— YOUR GOAL —
Please give the entries below again exactly, omitting every picture.

----

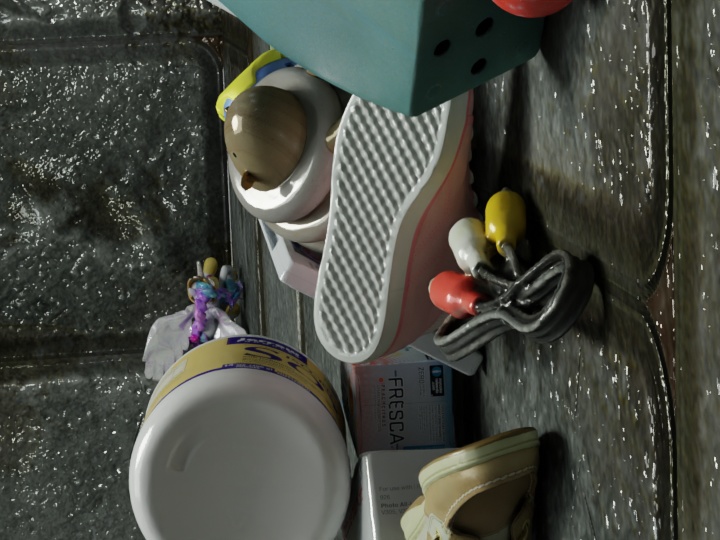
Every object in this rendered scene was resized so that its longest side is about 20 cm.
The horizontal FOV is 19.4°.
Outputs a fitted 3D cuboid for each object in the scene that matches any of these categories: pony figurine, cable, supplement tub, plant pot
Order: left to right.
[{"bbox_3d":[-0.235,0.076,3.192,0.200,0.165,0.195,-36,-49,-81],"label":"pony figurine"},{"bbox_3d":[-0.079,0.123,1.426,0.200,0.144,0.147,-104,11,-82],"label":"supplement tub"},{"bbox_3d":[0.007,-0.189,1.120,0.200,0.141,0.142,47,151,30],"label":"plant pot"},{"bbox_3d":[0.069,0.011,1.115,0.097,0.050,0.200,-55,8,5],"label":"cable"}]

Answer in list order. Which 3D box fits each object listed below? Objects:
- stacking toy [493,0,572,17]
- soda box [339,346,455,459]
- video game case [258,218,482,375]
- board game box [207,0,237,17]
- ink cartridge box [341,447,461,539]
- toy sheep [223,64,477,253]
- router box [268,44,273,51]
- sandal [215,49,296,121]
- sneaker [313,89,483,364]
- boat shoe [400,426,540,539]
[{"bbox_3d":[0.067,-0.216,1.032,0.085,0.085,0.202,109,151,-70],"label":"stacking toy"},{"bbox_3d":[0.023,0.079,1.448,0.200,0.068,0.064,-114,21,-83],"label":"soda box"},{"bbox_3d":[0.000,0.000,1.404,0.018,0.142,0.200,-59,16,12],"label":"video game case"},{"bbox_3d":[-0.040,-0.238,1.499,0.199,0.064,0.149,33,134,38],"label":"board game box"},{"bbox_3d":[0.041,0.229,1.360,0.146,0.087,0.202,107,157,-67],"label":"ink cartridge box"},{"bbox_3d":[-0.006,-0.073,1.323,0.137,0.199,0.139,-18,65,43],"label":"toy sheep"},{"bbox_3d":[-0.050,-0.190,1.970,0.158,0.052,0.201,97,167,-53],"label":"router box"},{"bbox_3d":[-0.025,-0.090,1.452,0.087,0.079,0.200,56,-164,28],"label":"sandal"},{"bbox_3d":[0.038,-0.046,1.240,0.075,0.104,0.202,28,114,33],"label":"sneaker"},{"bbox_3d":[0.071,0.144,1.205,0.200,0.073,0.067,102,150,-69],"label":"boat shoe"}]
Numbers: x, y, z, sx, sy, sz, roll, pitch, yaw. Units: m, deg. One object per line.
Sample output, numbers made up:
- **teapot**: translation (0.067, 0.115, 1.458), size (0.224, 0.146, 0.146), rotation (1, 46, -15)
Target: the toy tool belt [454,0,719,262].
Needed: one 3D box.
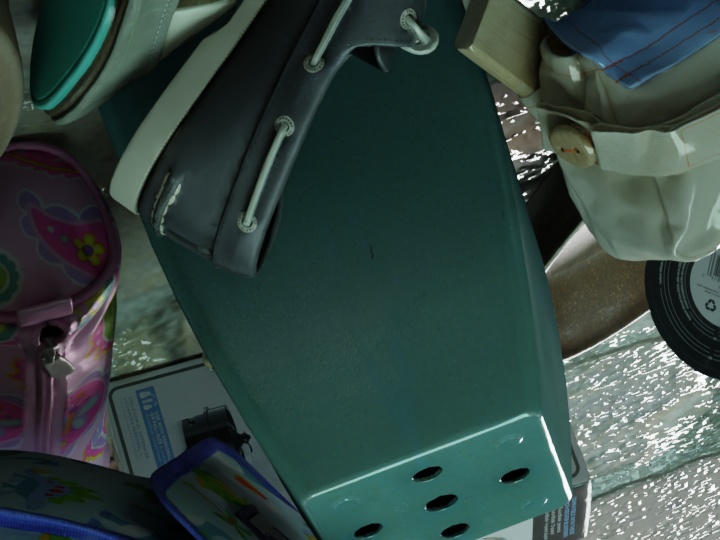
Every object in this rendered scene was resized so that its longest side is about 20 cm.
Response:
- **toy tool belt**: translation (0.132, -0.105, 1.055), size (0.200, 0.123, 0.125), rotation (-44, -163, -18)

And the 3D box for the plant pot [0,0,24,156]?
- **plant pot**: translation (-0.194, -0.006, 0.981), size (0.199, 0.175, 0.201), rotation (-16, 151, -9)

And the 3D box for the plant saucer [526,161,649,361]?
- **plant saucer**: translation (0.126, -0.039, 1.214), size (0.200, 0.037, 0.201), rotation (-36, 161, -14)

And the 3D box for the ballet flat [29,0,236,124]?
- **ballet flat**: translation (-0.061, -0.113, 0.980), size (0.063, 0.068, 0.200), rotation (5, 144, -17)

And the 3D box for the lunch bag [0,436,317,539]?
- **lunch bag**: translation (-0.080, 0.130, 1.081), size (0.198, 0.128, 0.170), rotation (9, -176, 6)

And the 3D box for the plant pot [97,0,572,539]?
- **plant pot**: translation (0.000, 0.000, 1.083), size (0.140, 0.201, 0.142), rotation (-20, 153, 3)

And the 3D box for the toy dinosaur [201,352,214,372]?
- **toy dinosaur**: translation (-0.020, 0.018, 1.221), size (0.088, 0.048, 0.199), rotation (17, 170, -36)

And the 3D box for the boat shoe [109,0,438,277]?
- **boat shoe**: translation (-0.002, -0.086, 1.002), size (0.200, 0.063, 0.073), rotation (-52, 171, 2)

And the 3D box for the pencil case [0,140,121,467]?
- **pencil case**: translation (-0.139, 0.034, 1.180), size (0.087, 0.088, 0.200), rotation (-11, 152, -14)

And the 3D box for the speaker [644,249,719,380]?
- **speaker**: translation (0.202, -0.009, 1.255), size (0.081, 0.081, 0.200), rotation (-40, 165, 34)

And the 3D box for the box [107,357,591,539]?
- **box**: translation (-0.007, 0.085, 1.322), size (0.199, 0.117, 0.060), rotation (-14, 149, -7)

----

— ANSWER BOX —
Every object in this rendered scene was resized so that its longest side is about 20 cm.
The horizontal FOV is 19.4°.
Outputs a fitted 3D cuboid for each object in the scene that matches any of these categories: pony figurine, cable, supplement tub, plant pot
Order: left to right.
[{"bbox_3d":[-0.235,0.076,3.192,0.200,0.165,0.195,-36,-49,-81],"label":"pony figurine"},{"bbox_3d":[-0.079,0.123,1.426,0.200,0.144,0.147,-104,11,-82],"label":"supplement tub"},{"bbox_3d":[0.007,-0.189,1.120,0.200,0.141,0.142,47,151,30],"label":"plant pot"},{"bbox_3d":[0.069,0.011,1.115,0.097,0.050,0.200,-55,8,5],"label":"cable"}]

Answer in list order. Which 3D box fits each object listed below? Objects:
- stacking toy [493,0,572,17]
- soda box [339,346,455,459]
- video game case [258,218,482,375]
- board game box [207,0,237,17]
- ink cartridge box [341,447,461,539]
- toy sheep [223,64,477,253]
- router box [268,44,273,51]
- sandal [215,49,296,121]
- sneaker [313,89,483,364]
- boat shoe [400,426,540,539]
[{"bbox_3d":[0.067,-0.216,1.032,0.085,0.085,0.202,109,151,-70],"label":"stacking toy"},{"bbox_3d":[0.023,0.079,1.448,0.200,0.068,0.064,-114,21,-83],"label":"soda box"},{"bbox_3d":[0.000,0.000,1.404,0.018,0.142,0.200,-59,16,12],"label":"video game case"},{"bbox_3d":[-0.040,-0.238,1.499,0.199,0.064,0.149,33,134,38],"label":"board game box"},{"bbox_3d":[0.041,0.229,1.360,0.146,0.087,0.202,107,157,-67],"label":"ink cartridge box"},{"bbox_3d":[-0.006,-0.073,1.323,0.137,0.199,0.139,-18,65,43],"label":"toy sheep"},{"bbox_3d":[-0.050,-0.190,1.970,0.158,0.052,0.201,97,167,-53],"label":"router box"},{"bbox_3d":[-0.025,-0.090,1.452,0.087,0.079,0.200,56,-164,28],"label":"sandal"},{"bbox_3d":[0.038,-0.046,1.240,0.075,0.104,0.202,28,114,33],"label":"sneaker"},{"bbox_3d":[0.071,0.144,1.205,0.200,0.073,0.067,102,150,-69],"label":"boat shoe"}]
Numbers: x, y, z, sx, sy, sz, roll, pitch, yaw. Units: m, deg. One object per line.
Sample output, numbers made up:
- **teapot**: translation (0.067, 0.115, 1.458), size (0.224, 0.146, 0.146), rotation (1, 46, -15)
Target: the toy tool belt [454,0,719,262].
Needed: one 3D box.
Every object in this rendered scene was resized so that its longest side is about 20 cm.
Response:
- **toy tool belt**: translation (0.132, -0.105, 1.055), size (0.200, 0.123, 0.125), rotation (-44, -163, -18)

And the 3D box for the plant pot [0,0,24,156]?
- **plant pot**: translation (-0.194, -0.006, 0.981), size (0.199, 0.175, 0.201), rotation (-16, 151, -9)

And the 3D box for the plant saucer [526,161,649,361]?
- **plant saucer**: translation (0.126, -0.039, 1.214), size (0.200, 0.037, 0.201), rotation (-36, 161, -14)

And the 3D box for the ballet flat [29,0,236,124]?
- **ballet flat**: translation (-0.061, -0.113, 0.980), size (0.063, 0.068, 0.200), rotation (5, 144, -17)

And the 3D box for the lunch bag [0,436,317,539]?
- **lunch bag**: translation (-0.080, 0.130, 1.081), size (0.198, 0.128, 0.170), rotation (9, -176, 6)

And the 3D box for the plant pot [97,0,572,539]?
- **plant pot**: translation (0.000, 0.000, 1.083), size (0.140, 0.201, 0.142), rotation (-20, 153, 3)

And the 3D box for the toy dinosaur [201,352,214,372]?
- **toy dinosaur**: translation (-0.020, 0.018, 1.221), size (0.088, 0.048, 0.199), rotation (17, 170, -36)

And the 3D box for the boat shoe [109,0,438,277]?
- **boat shoe**: translation (-0.002, -0.086, 1.002), size (0.200, 0.063, 0.073), rotation (-52, 171, 2)

And the 3D box for the pencil case [0,140,121,467]?
- **pencil case**: translation (-0.139, 0.034, 1.180), size (0.087, 0.088, 0.200), rotation (-11, 152, -14)

And the 3D box for the speaker [644,249,719,380]?
- **speaker**: translation (0.202, -0.009, 1.255), size (0.081, 0.081, 0.200), rotation (-40, 165, 34)

And the 3D box for the box [107,357,591,539]?
- **box**: translation (-0.007, 0.085, 1.322), size (0.199, 0.117, 0.060), rotation (-14, 149, -7)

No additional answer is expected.